# how to solve a particular question with a differential equation

A tank contains 100 gal of brine in which 40 lb of salt are dissolved. It is desired to reduce the concentration of salt to 0.1 pounds per gal by pouring in pure water at the rate of 5 gal per minute and allowing the mixture (which is kept uniform by stirring) to flow out at the same rate. How long will this take?

• So what progress have you made? Have you set up a differential equation? What is the difficulty? – almagest Jan 1 at 16:56
• $dy/dt$= salt at which it enters the tank-rate at which salt leaves the tank. Since its pure water entering the tank thus salt entering is zero. $dy/dx=0-(y/100) *5$. the differential equation which we get is $Log y=-t/20+c$. at $y=40$ and $t=0$ we could get the value of $c=Log40$ – haider Jan 1 at 17:01

Let $$s(t)$$ lbs be the total quantity of salt in the tank. So $$s(0)=40$$. We want to find $$T$$ so that $$s(T)=10$$.

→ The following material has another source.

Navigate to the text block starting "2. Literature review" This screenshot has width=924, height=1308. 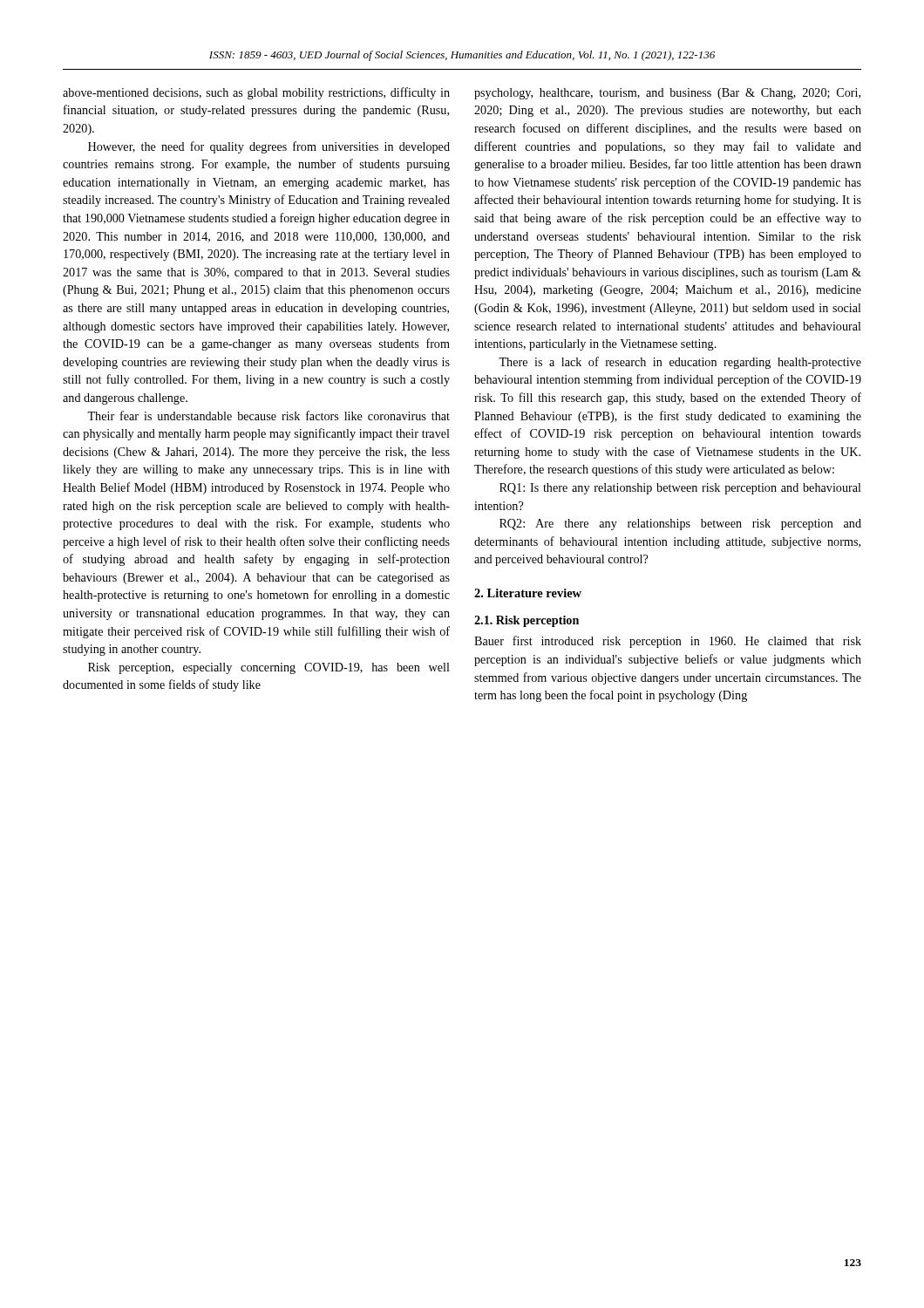[528, 593]

In time $$\delta t$$ min we have $$5\ \delta t$$ of fresh water entering the tank and the same amount of salty water leaving the tank, taking with it $$0.05s\delta t$$ of salt.

So $$s(t+\delta t)=s(t)-0.05s\ \delta t$$ and hence $$s'(t)=-0.05t$$. Integrating we get $$s(t)=s(0)e^{-0.05t}=40e^{-0.05t}$$.

So $$e^{0.05T}=40/10=4$$, giving $$T=20\ln 4$$ min $$\approx 27.7$$ min.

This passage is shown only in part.